What you have to do
Your answer should consist only of the line with "Now for the car (723,624,761,656), in" and the lines after it, reproduced exactly through the end of the entries below.

Stored data entries
◆ ◆ ◆ ◆ ◆

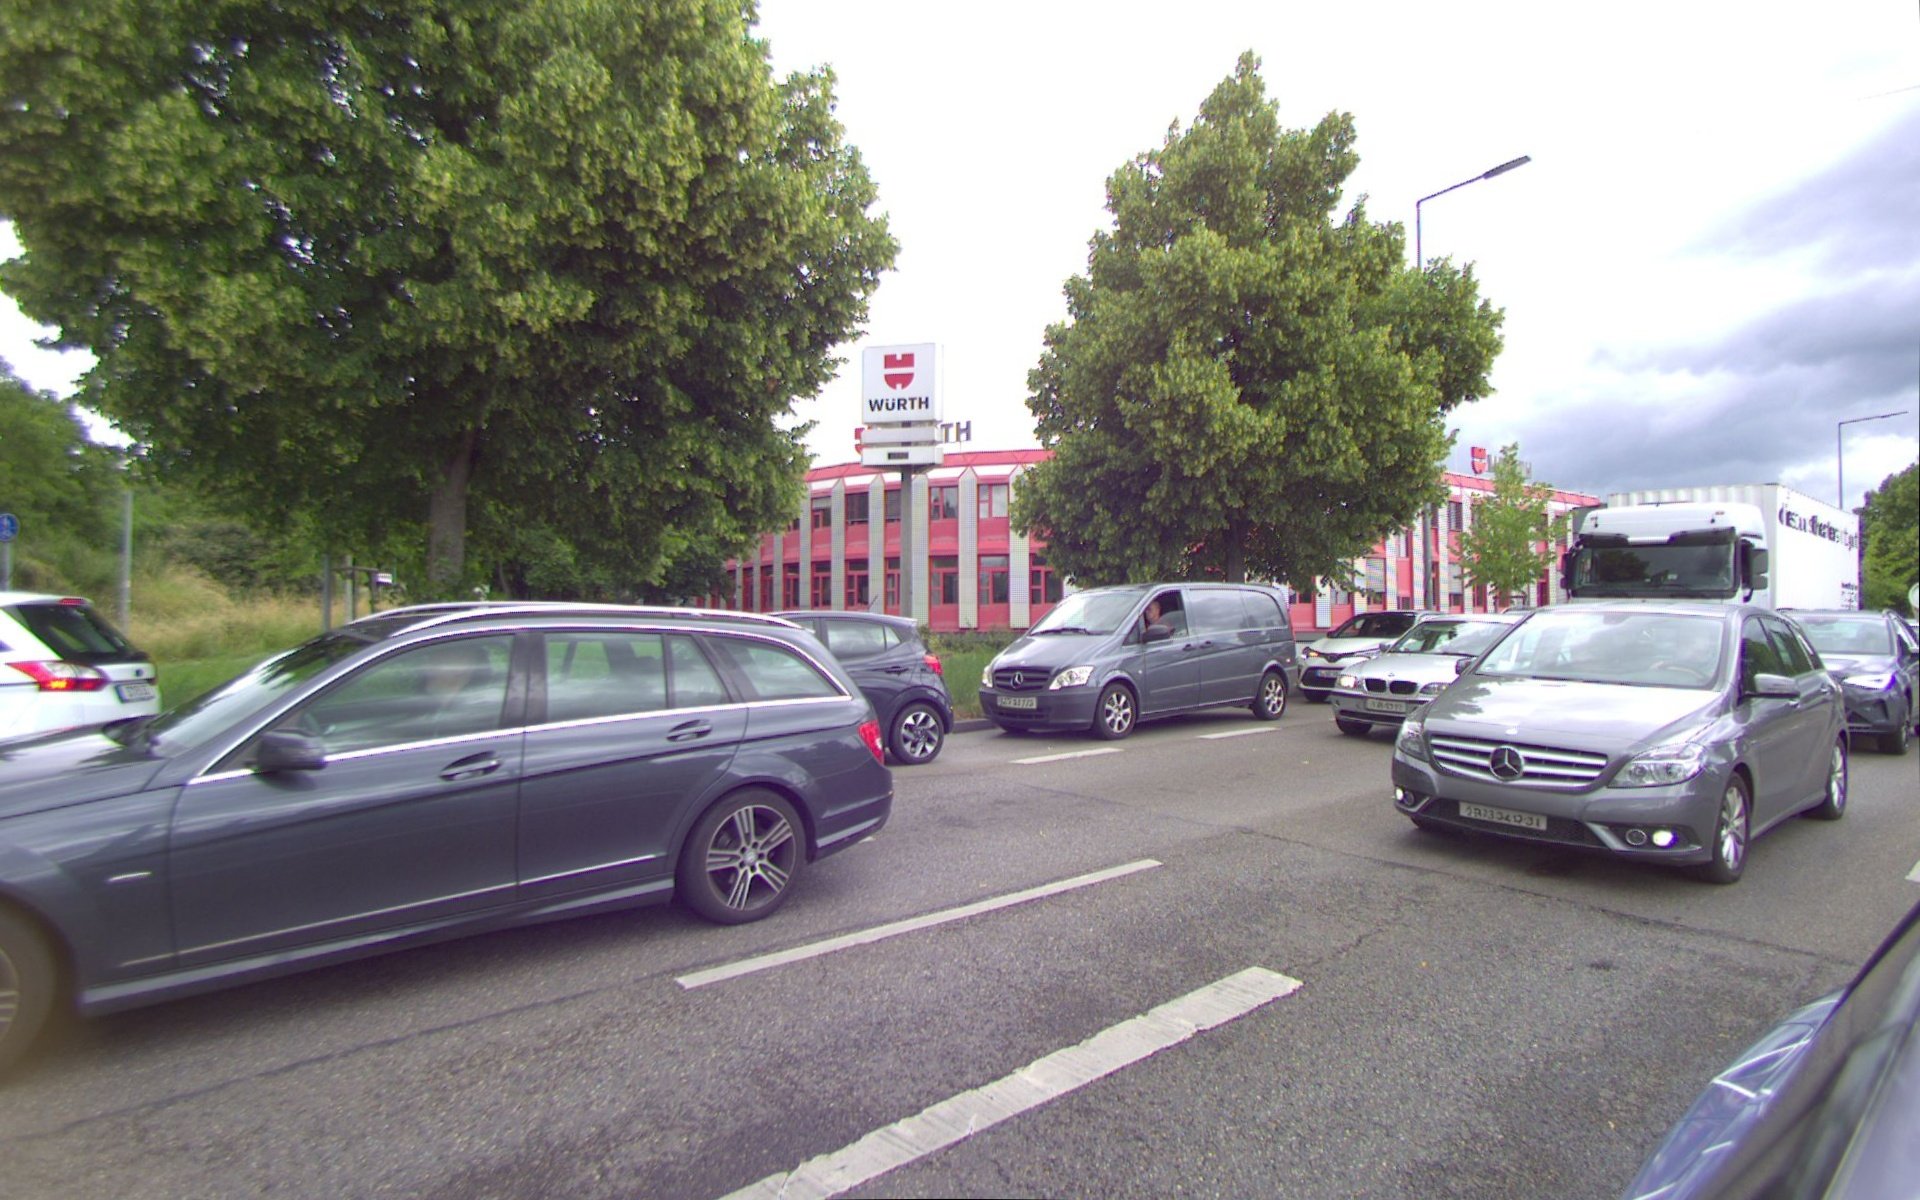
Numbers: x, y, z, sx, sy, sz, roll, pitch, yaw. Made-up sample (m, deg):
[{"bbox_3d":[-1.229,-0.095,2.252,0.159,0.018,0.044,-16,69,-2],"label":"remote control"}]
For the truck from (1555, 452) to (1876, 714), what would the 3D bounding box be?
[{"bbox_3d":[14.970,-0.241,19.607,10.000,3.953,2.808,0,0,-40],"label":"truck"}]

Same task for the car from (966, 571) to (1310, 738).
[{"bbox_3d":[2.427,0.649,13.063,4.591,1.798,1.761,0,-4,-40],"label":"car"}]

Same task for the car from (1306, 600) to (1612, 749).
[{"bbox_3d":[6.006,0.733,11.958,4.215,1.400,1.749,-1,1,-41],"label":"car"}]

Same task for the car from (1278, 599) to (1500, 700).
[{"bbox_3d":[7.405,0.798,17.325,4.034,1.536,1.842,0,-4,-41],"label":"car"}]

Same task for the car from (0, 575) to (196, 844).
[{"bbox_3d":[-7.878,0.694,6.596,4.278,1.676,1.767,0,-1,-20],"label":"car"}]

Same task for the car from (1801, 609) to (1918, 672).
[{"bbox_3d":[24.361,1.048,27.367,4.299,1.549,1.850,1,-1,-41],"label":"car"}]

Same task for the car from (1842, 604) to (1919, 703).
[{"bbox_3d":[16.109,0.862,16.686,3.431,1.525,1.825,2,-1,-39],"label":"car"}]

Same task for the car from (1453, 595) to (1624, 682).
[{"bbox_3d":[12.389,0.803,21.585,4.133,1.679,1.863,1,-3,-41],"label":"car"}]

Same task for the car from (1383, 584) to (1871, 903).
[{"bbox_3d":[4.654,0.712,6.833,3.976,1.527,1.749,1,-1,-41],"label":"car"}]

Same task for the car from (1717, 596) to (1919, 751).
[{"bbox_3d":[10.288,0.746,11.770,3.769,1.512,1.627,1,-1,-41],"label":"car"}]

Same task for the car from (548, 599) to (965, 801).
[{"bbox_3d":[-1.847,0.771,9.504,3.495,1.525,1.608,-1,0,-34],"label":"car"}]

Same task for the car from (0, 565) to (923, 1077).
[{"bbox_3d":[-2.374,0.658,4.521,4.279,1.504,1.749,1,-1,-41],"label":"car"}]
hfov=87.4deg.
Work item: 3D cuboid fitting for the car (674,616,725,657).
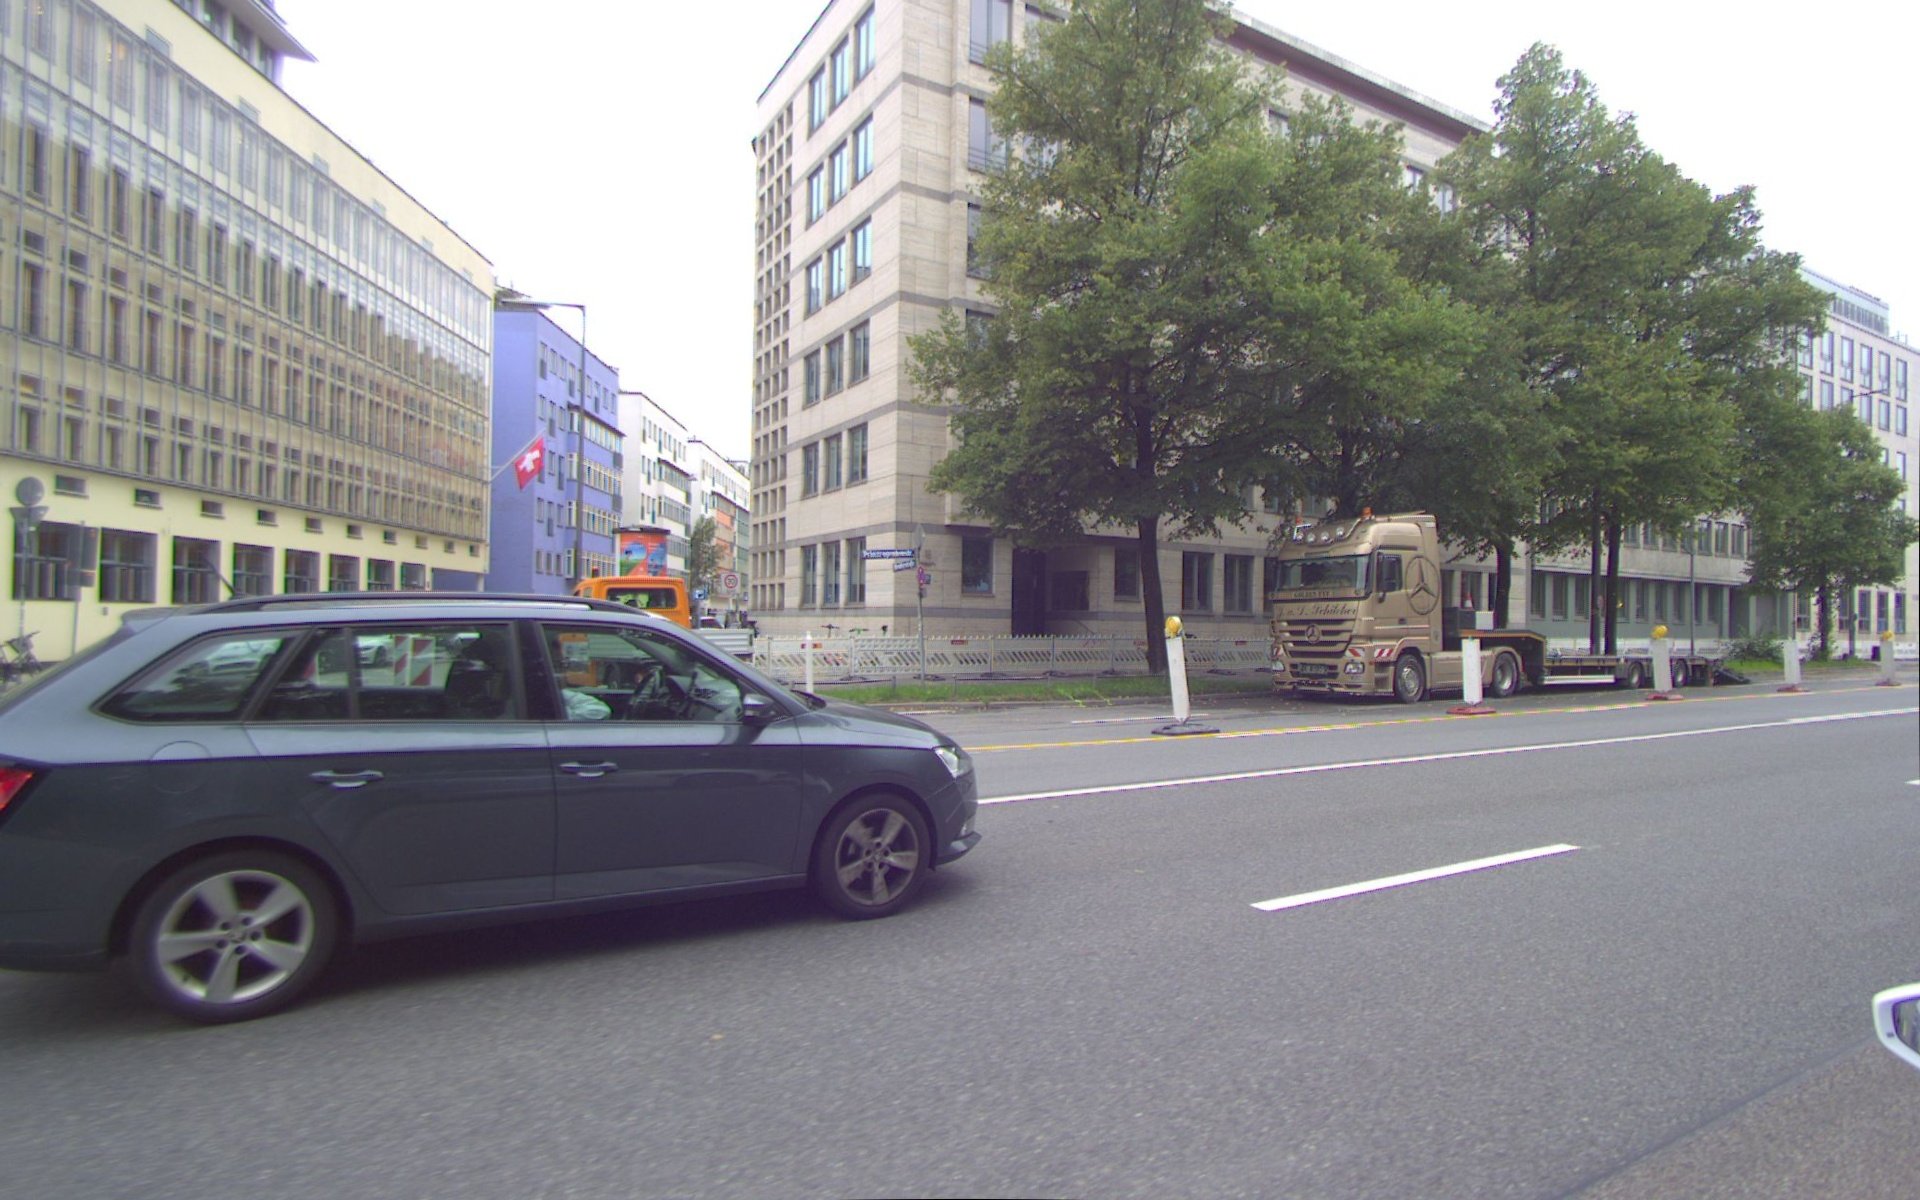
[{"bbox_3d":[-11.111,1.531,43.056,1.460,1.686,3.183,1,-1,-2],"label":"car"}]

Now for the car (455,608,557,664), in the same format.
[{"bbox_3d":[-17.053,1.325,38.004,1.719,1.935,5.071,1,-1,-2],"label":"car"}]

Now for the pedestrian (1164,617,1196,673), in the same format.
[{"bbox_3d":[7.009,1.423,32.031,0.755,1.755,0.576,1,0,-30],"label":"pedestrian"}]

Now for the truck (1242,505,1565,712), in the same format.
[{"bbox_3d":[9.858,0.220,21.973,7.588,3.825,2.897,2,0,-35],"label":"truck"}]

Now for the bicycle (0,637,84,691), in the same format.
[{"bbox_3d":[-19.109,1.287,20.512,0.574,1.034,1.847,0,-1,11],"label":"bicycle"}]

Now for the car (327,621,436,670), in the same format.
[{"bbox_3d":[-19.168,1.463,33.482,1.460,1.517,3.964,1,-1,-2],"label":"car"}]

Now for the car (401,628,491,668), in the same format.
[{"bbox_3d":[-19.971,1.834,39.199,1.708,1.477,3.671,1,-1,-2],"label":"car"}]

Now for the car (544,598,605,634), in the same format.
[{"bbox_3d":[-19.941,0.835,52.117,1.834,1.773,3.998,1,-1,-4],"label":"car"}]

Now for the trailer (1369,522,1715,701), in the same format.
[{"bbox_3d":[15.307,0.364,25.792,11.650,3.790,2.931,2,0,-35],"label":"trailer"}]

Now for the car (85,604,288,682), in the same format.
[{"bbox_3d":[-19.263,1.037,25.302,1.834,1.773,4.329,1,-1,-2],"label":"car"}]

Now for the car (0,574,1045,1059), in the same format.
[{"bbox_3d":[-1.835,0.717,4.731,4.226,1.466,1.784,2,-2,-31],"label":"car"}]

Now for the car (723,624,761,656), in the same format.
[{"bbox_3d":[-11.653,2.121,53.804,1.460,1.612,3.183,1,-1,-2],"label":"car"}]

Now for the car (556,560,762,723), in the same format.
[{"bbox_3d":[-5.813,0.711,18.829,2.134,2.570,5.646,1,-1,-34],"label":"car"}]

◆ ◆ ◆ ◆ ◆

Exercise solution
Now for the car (723,624,761,656), in the same format.
[{"bbox_3d":[-11.653,2.121,53.804,1.460,1.612,3.183,1,-1,-2],"label":"car"}]

Now for the car (556,560,762,723), in the same format.
[{"bbox_3d":[-5.813,0.711,18.829,2.134,2.570,5.646,1,-1,-34],"label":"car"}]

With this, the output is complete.